Personal information
- Full name: Cameron Cloke
- Born: 20 December 1984 (age 41)
- Original team: Eastern Ranges (TAC Cup)
- Draft: No. 43 (F/S), 2002 national draft No. 9, 2006 pre-season draft No. 41, 2010 rookie draft
- Height: 196 cm (6 ft 5 in)
- Weight: 100 kg (220 lb)
- Position: Ruckman/Forward

Playing career^{1}
- Years: Club / Games (Goals)
- 2004–2006: Collingwood / 21 (11)
- 2007–2009: Carlton / 36 (25)
- 2010: Port Adelaide / 01 0(0)
- Total:  / 58 (36)
- ^{1} Playing statistics correct to the end of 2010.

= Cameron Cloke =

Australian rules footballer (born 1984)

Cameron Cloke (born 20 December 1984) is a former professional Australian rules footballer who played for the Collingwood Football Club, Carlton Football Club and Port Adelaide Football Club in the Australian Football League (AFL). He is the son of former and Collingwood player, David Cloke and the brother of Jason and Travis Cloke.
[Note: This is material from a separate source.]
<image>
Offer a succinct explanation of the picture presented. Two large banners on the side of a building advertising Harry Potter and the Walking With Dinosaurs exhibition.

==Australian Football career==
Cloke was drafted under the father-son rule in the 2002 National draft. Like his older brother Jason, Cloke was given time to develop at Williamstown in his first year at Collingwood. Cloke made his debut against Essendon in 2004 and played mostly as a tall forward. He played most of the first half of the 2005 AFL season as a ruckman and used his size well, however Cloke's season was ended by shoulder injury. More shoulder injuries occurred for Cloke in 2006 and managed only two senior games for the year.
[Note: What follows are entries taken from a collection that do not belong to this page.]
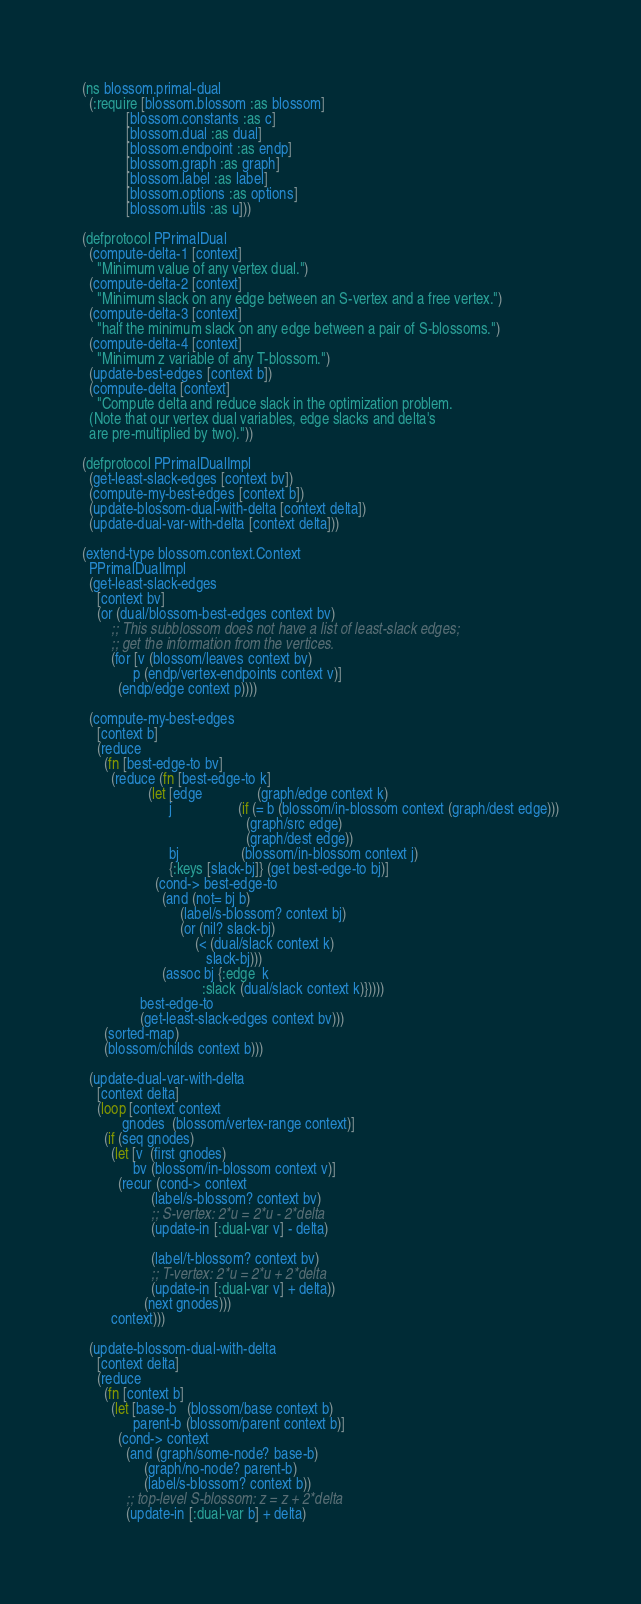Convert code to text. <code><loc_0><loc_0><loc_500><loc_500><_Clojure_>(ns blossom.primal-dual
  (:require [blossom.blossom :as blossom]
            [blossom.constants :as c]
            [blossom.dual :as dual]
            [blossom.endpoint :as endp]
            [blossom.graph :as graph]
            [blossom.label :as label]
            [blossom.options :as options]
            [blossom.utils :as u]))

(defprotocol PPrimalDual
  (compute-delta-1 [context]
    "Minimum value of any vertex dual.")
  (compute-delta-2 [context]
    "Minimum slack on any edge between an S-vertex and a free vertex.")
  (compute-delta-3 [context]
    "half the minimum slack on any edge between a pair of S-blossoms.")
  (compute-delta-4 [context]
    "Minimum z variable of any T-blossom.")
  (update-best-edges [context b])
  (compute-delta [context]
    "Compute delta and reduce slack in the optimization problem.
  (Note that our vertex dual variables, edge slacks and delta's
  are pre-multiplied by two)."))

(defprotocol PPrimalDualImpl
  (get-least-slack-edges [context bv])
  (compute-my-best-edges [context b])
  (update-blossom-dual-with-delta [context delta])
  (update-dual-var-with-delta [context delta]))

(extend-type blossom.context.Context
  PPrimalDualImpl
  (get-least-slack-edges
    [context bv]
    (or (dual/blossom-best-edges context bv)
        ;; This subblossom does not have a list of least-slack edges;
        ;; get the information from the vertices.
        (for [v (blossom/leaves context bv)
              p (endp/vertex-endpoints context v)]
          (endp/edge context p))))

  (compute-my-best-edges
    [context b]
    (reduce
      (fn [best-edge-to bv]
        (reduce (fn [best-edge-to k]
                  (let [edge               (graph/edge context k)
                        j                  (if (= b (blossom/in-blossom context (graph/dest edge)))
                                             (graph/src edge)
                                             (graph/dest edge))
                        bj                 (blossom/in-blossom context j)
                        {:keys [slack-bj]} (get best-edge-to bj)]
                    (cond-> best-edge-to
                      (and (not= bj b)
                           (label/s-blossom? context bj)
                           (or (nil? slack-bj)
                               (< (dual/slack context k)
                                  slack-bj)))
                      (assoc bj {:edge  k
                                 :slack (dual/slack context k)}))))
                best-edge-to
                (get-least-slack-edges context bv)))
      (sorted-map)
      (blossom/childs context b)))

  (update-dual-var-with-delta
    [context delta]
    (loop [context context
           gnodes  (blossom/vertex-range context)]
      (if (seq gnodes)
        (let [v  (first gnodes)
              bv (blossom/in-blossom context v)]
          (recur (cond-> context
                   (label/s-blossom? context bv)
                   ;; S-vertex: 2*u = 2*u - 2*delta
                   (update-in [:dual-var v] - delta)

                   (label/t-blossom? context bv)
                   ;; T-vertex: 2*u = 2*u + 2*delta
                   (update-in [:dual-var v] + delta))
                 (next gnodes)))
        context)))

  (update-blossom-dual-with-delta
    [context delta]
    (reduce
      (fn [context b]
        (let [base-b   (blossom/base context b)
              parent-b (blossom/parent context b)]
          (cond-> context
            (and (graph/some-node? base-b)
                 (graph/no-node? parent-b)
                 (label/s-blossom? context b))
            ;; top-level S-blossom: z = z + 2*delta
            (update-in [:dual-var b] + delta)
</code> 
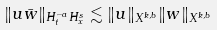Convert formula to latex. <formula><loc_0><loc_0><loc_500><loc_500>\| u \bar { w } \| _ { H ^ { - a } _ { t } H ^ { s } _ { x } } \lesssim \| u \| _ { X ^ { k , b } } \| w \| _ { X ^ { k , b } }</formula> 
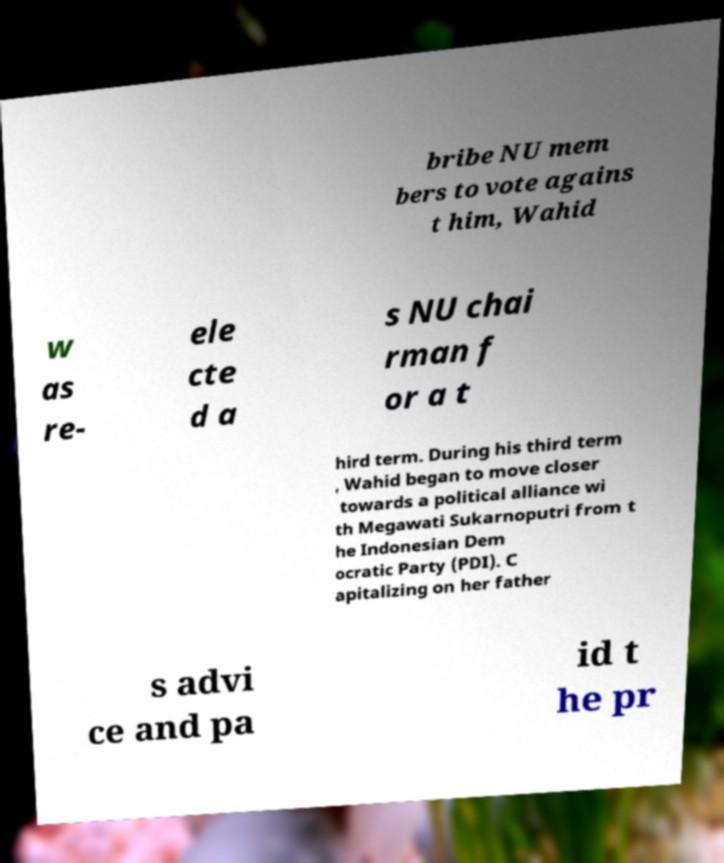Please read and relay the text visible in this image. What does it say? bribe NU mem bers to vote agains t him, Wahid w as re- ele cte d a s NU chai rman f or a t hird term. During his third term , Wahid began to move closer towards a political alliance wi th Megawati Sukarnoputri from t he Indonesian Dem ocratic Party (PDI). C apitalizing on her father s advi ce and pa id t he pr 
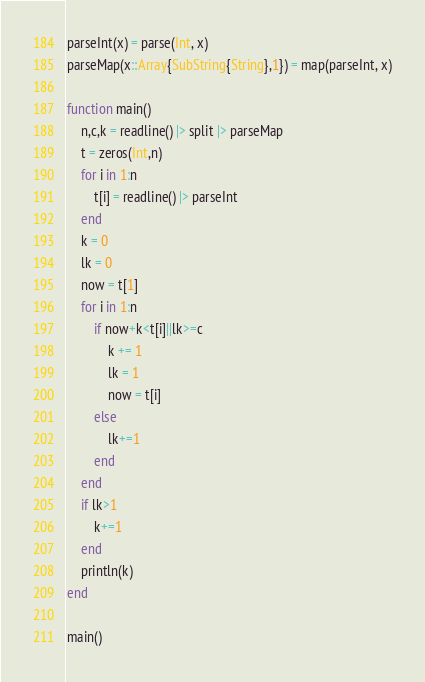<code> <loc_0><loc_0><loc_500><loc_500><_Julia_>parseInt(x) = parse(Int, x)
parseMap(x::Array{SubString{String},1}) = map(parseInt, x)

function main()
	n,c,k = readline() |> split |> parseMap
	t = zeros(Int,n)
	for i in 1:n
		t[i] = readline() |> parseInt
	end
	k = 0
	lk = 0
	now = t[1]
	for i in 1:n
		if now+k<t[i]||lk>=c
			k += 1
			lk = 1
			now = t[i]
		else
			lk+=1
		end
	end
	if lk>1
		k+=1
	end
	println(k)
end

main()</code> 
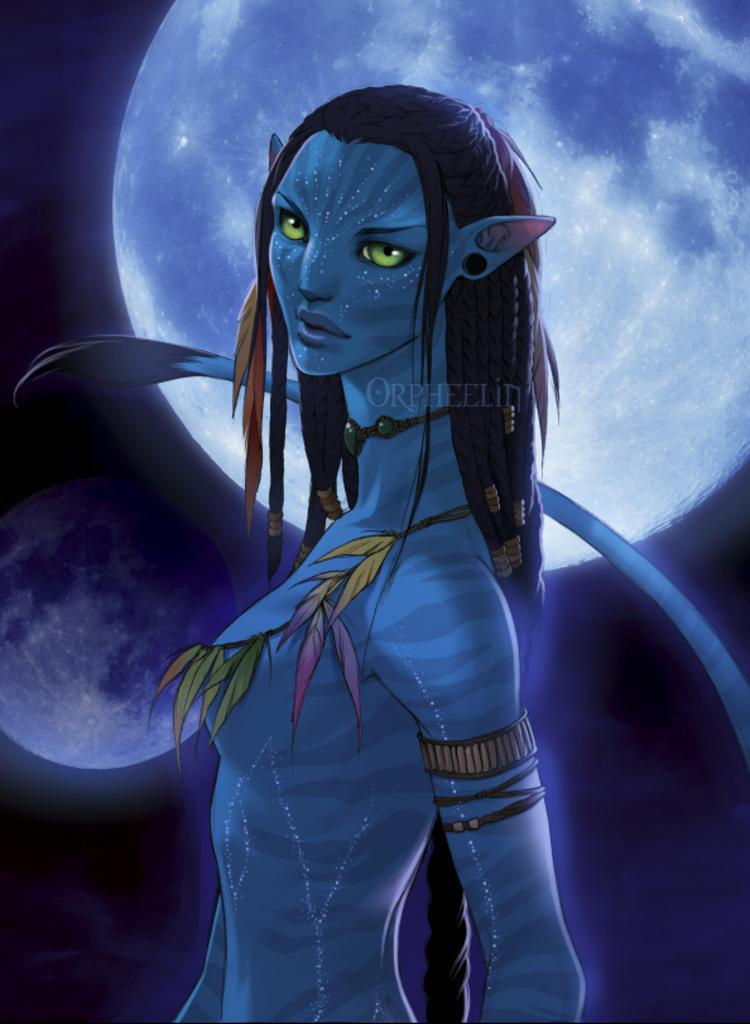What is the main subject of the image? There is an animated image of a woman in the middle of the image. What can be seen in the background of the image? The background of the image includes the moon. What type of trousers is the woman wearing in the image? The image is animated, and there are no trousers visible on the woman. How does the woman's digestion appear to be affected by the moon in the image? The image does not depict the woman's digestion, and there is no indication of its effect from the moon.

Cloke and his brother Jason were delisted by Collingwood at the end of the 2006 season but Cloke was given a second chance at AFL level when he was selected in the pre-season draft by Carlton with their second round selection (ninth pick overall). He enjoyed a great start to his career at Carlton, which saw him play a key second ruck role during the Blues' successful 2007 NAB Cup campaign.

On 9 May 2007, during a routine training drill, Cloke sustained a season-ending injury by dislocating his shoulder. Upon return in 2008, Cloke resumed his place in the Carlton ruck line-up, often playing as the first ruckman for the team or floating forward to provide a marking option.

On 6 February 2009 during an intra-club match at Visy Park, Cloke was punched and kicked in an off the ball incident by teammate Setanta Ó hAilpín. Ó hAilpín was suspended by the club for about a month as a result of the incident.

In 2009 Cloke moved out of the main ruck position, playing more exclusively as a tall forward who would take ruck tap-outs in the forward line. He struggled to maintain a regular position in the Carlton lineup, playing 10 games with the Blues and half of the season with Carlton's , the Northern Bullants, where he scored 39 goals in 13 games, including five in a losing grand final, to be the Bullants' leading goalkicker for the year. On 24 August 2009, Cloke was suspended by Carlton for one game for being late to a recovery session. Cloke was delisted by Carlton on 13 November 2009.

There were talks that AFL clubs Hawthorn, Port Adelaide and Richmond were interested in recruiting Cloke in the 2010 pre-season draft. Cloke was ultimately recruited in the Rookie Draft by Port Adelaide with its third round pick (41). His first and only match for Port was against Brisbane in round 3, 2010, and spent most of the season allocated to the Port Adelaide Magpies in the South Australian National Football League (SANFL). Cloke was delisted at the end of the 2010 season.

Cloke played the following decade with success at suburban level. He played for Bundoora in the Northern Football League (NFL) from 2011 until 2014, winning Division 1 premierships there in 2011 and 2013. In 2013, he won the Frank Rosbrook Trophy as the best and fairest in the NFL top division; in an unusual case, Cloke was initially announced as the joint-winner with Mark Lynch (Heidelberg) when the award was counted in September 2013; but in February 2014, an administrative error which incorrectly credited Lynch three extra votes was uncovered, leading the NFL to amend its records and award Cloke the trophy outright. He later played for Craigieburn in the Essendon District Football League in 2015 and 2016; Jacana (EDFL) in 2017 and 2019, where he won a Division 2 premiership in 2017; Hurstbridge (NFNL) in 2018 and 2021; Barooga (Murray Football League) also in 2018; and Templestowe (Eastern Football League) in 2022 and 2023, before retiring. He also made two guest appearances for the Burnie Dockers Football Club in the TSL in 2015.

In 2026, Cloke signed for Watsonia Football Club (NFNL).